A 7ª Conferência Regional da International Association of Prosecutors (IAP) na América Latina prosseguiu em Fortaleza, Ceará, com o painel intitulado "O uso de novas tecnologias e Crimes Cibernéticos". O evento, organizado pelo Ministério Público do Estado do Ceará (MPCE) e pela Associação Nacional dos Membros do Ministério Público (CONAMP), em parceria com a IAP, reuniu renomados especialistas e membros do Ministério Público para discutir o desenvolvimento e os desafios na investigação de crimes cibernéticos.
Presidindo o painel, Moacyr Rey Filho, Conselheiro Nacional do Conselho Nacional do Ministério Público, deu início às discussões enfatizando a relevância do tema e a necessidade de atualização constante para lidar com as ameaças do mundo digital.

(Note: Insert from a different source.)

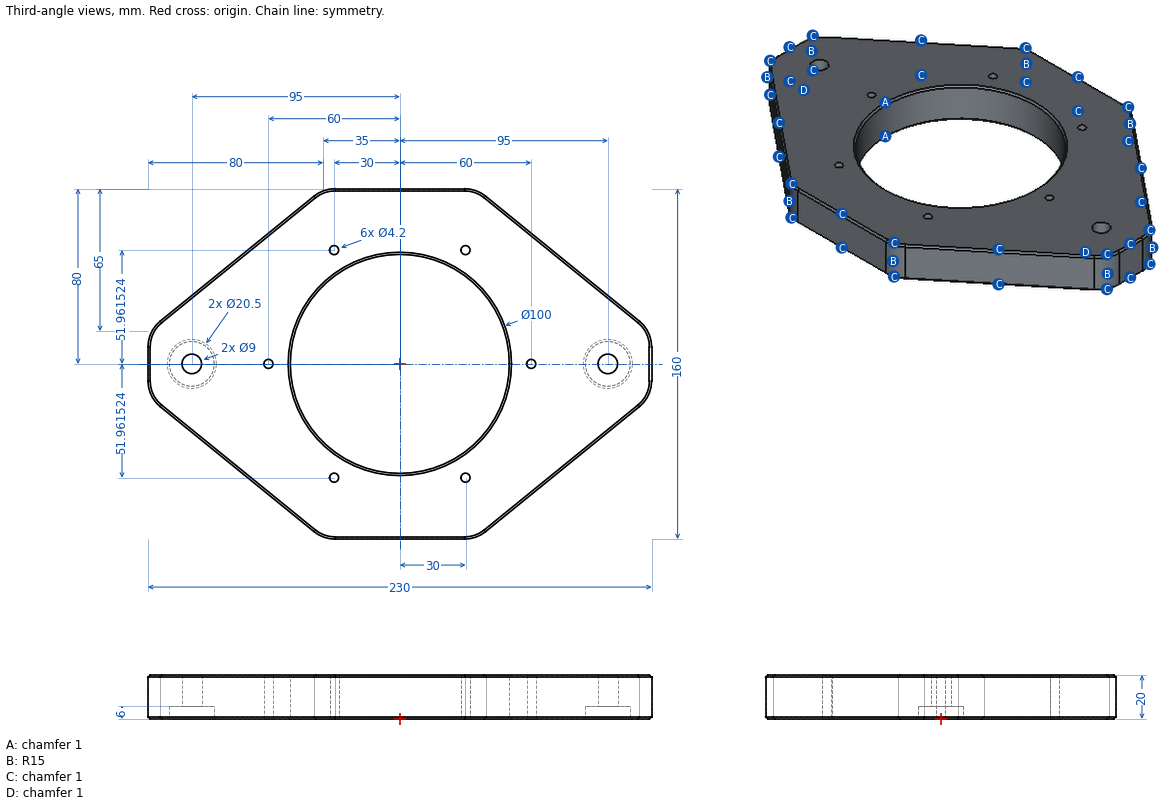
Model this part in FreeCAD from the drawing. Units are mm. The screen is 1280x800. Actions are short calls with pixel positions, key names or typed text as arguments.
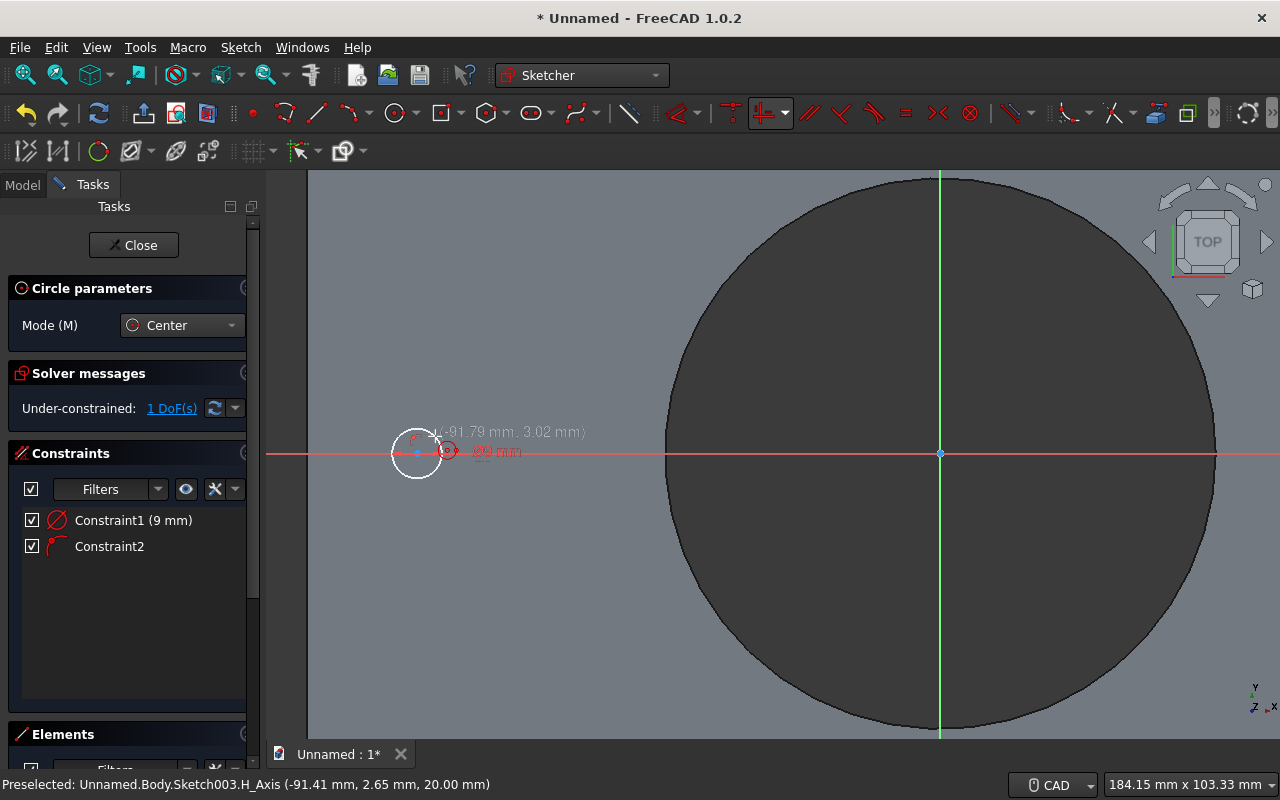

A primeira palestra foi proferida por Andrea Veronica Andoniades, Promotora de Justiça de San Martín, Argentina. Com vasta experiência na área, ela abordou o tema "Desenvolvimento e Desafios na Investigação de Crimes Cibernéticos". A palestrante ressaltou a rápida evolução das tecnologias e como isso tem impactado os crimes cibernéticos. Ela destacou a importância de uma abordagem multidisciplinar para investigar e combater delitos digitais, levando em consideração aspectos técnicos, legais e de cooperação internacional.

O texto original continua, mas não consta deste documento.